The Dzveli Gavazi church of the Mother of God (ძველი გავაზის ღვთისმშობლის ეკლესია) is an early medieval Christian church in the eastern Georgian region of Kakheti. It is a tetraconch with the dome positioned over the centre of the square. Exactly when Dzveli Gavazi was built is not known. The church is dated on typological grounds to the 6th century, but it was reworked with the addition of an ambulatory at a later date, probably in the 9th century, and substantially repaired in 1852. The church is inscribed on the list of the Immovable Cultural Monuments of National Significance of Georgia.

== History ==
The Dzveli Gavazi church is located at the village of Akhalsopeli in the Qvareli Municipality, at the foot of the Greater Caucasus. Its name, meaning "old Gavazi", reflects the fact that the villagers—plagued by marauding raids from neighboring Dagestan—abandoned their homes in the early 18th century and moved to the banks of the Alazani where they founded Akhali Gavazi, "new Gavazi". Under the Russian rule, Prince Ivane Amilkhvari, aide-de-camp to the viceroy Mikhail Vorontsov, engineered resettlement of the abandoned village—naming it Akhalsopeli, "a new village"—in 1850 and had the old church restored two years later, an event commemorated in a text inscribed on a red stone slab, mounted above the south doorway in the ambulatory.
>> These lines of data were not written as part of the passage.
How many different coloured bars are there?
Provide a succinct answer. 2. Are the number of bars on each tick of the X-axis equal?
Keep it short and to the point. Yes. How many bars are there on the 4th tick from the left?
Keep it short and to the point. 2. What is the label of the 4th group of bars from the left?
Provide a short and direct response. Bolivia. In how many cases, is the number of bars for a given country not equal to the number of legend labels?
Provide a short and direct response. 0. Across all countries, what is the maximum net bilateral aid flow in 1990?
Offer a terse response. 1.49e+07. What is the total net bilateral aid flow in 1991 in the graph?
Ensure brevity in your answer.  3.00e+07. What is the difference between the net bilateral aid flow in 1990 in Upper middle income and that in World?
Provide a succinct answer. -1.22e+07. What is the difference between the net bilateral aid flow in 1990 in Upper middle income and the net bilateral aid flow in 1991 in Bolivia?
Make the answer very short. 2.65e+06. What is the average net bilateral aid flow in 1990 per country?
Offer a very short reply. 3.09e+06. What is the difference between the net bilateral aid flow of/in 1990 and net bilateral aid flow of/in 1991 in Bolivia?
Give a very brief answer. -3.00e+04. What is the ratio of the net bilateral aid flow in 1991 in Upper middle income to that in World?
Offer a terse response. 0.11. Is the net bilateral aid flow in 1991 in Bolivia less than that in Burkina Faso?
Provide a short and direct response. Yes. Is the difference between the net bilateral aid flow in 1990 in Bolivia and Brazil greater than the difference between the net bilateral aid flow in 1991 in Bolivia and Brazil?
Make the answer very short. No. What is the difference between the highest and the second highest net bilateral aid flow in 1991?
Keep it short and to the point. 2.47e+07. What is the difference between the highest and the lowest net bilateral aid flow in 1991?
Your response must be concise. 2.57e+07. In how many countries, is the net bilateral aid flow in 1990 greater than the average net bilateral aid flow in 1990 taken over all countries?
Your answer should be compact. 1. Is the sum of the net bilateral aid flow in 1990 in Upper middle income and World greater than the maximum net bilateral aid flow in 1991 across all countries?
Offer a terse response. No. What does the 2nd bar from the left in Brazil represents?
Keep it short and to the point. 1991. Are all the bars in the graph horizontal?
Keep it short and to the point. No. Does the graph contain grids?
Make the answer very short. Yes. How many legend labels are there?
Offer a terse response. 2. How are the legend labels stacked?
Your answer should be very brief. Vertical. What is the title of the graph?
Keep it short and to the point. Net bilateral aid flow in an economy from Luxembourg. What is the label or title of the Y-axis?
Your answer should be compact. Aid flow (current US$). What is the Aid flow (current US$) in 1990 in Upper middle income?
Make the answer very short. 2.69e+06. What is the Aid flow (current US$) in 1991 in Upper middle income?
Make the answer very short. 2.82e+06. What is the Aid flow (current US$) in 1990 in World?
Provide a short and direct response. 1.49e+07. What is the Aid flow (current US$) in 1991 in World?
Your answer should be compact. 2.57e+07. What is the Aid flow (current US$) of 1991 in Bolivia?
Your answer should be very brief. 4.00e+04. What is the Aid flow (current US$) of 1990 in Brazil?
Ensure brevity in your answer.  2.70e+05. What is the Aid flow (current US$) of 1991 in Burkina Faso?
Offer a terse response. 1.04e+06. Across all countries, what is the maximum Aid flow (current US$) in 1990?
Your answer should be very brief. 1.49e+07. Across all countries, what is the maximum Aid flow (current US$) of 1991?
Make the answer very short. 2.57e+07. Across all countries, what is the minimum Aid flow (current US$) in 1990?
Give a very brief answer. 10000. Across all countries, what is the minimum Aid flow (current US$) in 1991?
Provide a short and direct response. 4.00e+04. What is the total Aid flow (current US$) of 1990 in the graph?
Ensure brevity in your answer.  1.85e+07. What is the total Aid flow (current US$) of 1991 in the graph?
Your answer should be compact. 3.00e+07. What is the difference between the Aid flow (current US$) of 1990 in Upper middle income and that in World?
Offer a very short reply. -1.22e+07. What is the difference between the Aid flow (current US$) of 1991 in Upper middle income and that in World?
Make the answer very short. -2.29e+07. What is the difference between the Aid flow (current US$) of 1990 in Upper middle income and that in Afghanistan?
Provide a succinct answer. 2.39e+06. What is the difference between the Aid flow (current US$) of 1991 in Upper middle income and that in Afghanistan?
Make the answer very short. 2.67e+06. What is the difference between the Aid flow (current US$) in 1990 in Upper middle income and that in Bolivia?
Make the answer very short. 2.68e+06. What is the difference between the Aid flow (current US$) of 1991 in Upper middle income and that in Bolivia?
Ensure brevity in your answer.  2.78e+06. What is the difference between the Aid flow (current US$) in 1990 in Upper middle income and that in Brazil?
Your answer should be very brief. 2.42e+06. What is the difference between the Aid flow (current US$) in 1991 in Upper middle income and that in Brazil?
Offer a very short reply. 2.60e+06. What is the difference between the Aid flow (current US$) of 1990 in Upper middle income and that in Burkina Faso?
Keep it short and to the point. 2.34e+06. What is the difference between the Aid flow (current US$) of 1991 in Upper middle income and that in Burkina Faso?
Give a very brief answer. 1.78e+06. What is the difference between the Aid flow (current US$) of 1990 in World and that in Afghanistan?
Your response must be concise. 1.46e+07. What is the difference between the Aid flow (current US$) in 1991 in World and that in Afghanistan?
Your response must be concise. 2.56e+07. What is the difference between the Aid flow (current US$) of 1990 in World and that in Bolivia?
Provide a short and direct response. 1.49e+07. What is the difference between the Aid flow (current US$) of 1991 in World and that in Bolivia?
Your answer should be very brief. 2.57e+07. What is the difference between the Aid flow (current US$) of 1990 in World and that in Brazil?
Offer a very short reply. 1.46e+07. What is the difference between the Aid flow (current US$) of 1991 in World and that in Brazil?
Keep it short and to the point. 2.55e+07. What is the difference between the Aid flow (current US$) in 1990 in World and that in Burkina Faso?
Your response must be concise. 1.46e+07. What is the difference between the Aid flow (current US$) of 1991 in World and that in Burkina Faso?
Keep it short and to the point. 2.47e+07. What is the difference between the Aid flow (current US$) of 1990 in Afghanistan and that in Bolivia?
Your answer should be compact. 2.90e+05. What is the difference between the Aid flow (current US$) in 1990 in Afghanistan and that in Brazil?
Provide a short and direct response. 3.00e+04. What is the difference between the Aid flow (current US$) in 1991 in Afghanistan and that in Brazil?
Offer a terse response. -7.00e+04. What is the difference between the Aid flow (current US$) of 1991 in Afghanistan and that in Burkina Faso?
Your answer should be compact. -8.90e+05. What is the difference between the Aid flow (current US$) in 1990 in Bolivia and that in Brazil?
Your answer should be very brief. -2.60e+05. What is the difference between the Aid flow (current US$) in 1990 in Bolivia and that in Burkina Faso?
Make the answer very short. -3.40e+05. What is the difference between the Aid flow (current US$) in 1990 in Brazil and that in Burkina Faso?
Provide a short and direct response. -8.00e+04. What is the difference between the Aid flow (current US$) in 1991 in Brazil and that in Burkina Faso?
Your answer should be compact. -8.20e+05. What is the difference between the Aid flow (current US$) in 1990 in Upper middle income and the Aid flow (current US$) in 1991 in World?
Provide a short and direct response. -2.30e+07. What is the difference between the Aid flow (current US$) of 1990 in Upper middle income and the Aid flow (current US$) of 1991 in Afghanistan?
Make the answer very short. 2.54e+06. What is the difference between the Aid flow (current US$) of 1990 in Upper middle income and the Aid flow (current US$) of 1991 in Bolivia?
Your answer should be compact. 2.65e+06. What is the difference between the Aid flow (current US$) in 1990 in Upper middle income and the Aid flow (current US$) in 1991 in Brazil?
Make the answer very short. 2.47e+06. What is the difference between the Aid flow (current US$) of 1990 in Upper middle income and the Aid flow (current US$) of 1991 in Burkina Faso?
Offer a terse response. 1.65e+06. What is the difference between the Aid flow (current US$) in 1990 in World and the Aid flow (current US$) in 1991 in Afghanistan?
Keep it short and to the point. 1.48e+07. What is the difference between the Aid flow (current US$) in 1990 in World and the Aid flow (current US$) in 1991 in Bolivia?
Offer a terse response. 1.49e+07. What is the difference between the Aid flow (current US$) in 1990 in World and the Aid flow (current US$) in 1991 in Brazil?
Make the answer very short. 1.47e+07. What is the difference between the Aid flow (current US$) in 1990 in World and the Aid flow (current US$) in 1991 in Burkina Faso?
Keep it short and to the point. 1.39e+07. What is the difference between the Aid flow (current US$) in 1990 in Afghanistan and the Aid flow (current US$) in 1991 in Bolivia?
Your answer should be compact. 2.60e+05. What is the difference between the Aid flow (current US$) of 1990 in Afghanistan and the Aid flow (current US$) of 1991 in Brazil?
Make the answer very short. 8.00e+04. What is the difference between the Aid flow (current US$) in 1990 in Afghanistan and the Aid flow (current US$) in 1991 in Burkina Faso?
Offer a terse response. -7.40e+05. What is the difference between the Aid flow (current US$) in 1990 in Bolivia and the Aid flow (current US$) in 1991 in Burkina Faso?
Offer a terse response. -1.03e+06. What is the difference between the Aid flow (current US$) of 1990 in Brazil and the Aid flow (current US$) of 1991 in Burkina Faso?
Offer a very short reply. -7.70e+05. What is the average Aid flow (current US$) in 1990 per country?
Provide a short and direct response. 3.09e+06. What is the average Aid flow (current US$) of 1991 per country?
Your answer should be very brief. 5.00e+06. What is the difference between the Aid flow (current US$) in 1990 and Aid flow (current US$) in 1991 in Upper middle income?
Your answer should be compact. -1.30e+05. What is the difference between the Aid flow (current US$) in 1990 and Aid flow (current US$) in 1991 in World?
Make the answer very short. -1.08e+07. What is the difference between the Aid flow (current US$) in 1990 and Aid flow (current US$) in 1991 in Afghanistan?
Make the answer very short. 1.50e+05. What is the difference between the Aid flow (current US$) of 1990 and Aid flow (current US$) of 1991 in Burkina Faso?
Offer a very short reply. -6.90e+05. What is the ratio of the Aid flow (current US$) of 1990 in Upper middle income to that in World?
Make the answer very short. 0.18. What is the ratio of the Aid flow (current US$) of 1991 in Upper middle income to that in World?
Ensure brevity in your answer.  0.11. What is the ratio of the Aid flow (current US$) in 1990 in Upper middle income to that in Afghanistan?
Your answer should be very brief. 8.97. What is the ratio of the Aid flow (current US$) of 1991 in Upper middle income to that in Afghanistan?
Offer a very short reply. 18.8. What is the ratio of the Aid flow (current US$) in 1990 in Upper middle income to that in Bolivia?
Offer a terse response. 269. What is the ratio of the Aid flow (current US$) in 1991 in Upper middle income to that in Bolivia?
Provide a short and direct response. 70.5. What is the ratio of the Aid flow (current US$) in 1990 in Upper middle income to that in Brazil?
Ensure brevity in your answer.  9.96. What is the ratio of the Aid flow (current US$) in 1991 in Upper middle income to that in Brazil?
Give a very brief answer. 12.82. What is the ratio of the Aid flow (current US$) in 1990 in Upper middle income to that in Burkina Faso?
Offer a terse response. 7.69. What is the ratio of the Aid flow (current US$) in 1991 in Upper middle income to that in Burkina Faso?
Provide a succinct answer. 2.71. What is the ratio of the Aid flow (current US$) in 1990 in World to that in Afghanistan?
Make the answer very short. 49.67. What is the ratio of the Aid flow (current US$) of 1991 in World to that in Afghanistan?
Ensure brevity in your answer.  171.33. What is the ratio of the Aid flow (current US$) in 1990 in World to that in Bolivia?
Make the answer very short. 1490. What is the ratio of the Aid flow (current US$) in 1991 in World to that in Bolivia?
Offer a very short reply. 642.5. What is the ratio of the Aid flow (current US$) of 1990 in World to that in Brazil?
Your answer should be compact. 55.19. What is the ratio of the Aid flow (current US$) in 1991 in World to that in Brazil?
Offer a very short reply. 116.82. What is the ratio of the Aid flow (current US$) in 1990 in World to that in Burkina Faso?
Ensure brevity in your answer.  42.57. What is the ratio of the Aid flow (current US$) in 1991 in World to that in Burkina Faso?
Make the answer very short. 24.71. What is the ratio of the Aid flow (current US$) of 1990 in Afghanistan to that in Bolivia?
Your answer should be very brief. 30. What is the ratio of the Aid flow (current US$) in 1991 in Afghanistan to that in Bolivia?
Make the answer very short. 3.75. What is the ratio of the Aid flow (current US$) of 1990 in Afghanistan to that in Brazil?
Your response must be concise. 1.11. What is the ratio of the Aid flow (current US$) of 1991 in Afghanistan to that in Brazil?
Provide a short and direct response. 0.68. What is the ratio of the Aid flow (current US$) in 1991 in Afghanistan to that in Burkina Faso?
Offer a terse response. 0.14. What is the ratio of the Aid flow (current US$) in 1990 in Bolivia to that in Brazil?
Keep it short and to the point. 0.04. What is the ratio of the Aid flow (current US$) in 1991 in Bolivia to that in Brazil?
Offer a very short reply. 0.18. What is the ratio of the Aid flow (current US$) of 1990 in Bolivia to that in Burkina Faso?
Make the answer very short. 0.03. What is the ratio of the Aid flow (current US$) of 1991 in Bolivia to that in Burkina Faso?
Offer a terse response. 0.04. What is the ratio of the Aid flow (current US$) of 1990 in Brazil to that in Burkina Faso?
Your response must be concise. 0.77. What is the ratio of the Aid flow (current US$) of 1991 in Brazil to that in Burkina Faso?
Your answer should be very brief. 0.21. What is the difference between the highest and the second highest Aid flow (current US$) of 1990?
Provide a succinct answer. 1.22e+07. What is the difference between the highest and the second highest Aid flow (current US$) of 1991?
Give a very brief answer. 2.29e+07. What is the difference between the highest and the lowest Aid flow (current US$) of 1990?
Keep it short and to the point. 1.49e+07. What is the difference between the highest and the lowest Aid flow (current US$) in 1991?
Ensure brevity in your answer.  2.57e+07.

In 1971, an archaeological expedition from the Georgian National Museum unearthed 35 burials in the churchyard, with artifacts dating from the 10th century into the 18th.

== Layout ==
The Dzveli Gavazi church is a tetraconch, its four semicircular apses, with conchs, projecting each from one side of a square. Wrapping around three-quarters of the tetraconch is an ambulatory, which terminates at the north apse. The edifice is topped by the centrally located dome which is based on an octagonal drum, pierced by three windows, one each on the east, south, and west. Transition from the square to the circle of the dome is effected through pendentives, which spring from four semicircular rubble-built columns without the intervening unifying element of a capital. Dzveli Gavazi has an analogue in Kakheti, the similarly quatrefoil church at Ninotsminda; the region was otherwise dominated in the early Middle Ages by the "three-church basilica" type, that is, a basilica with two separate apsed side-aisles to the north and south of the central nave.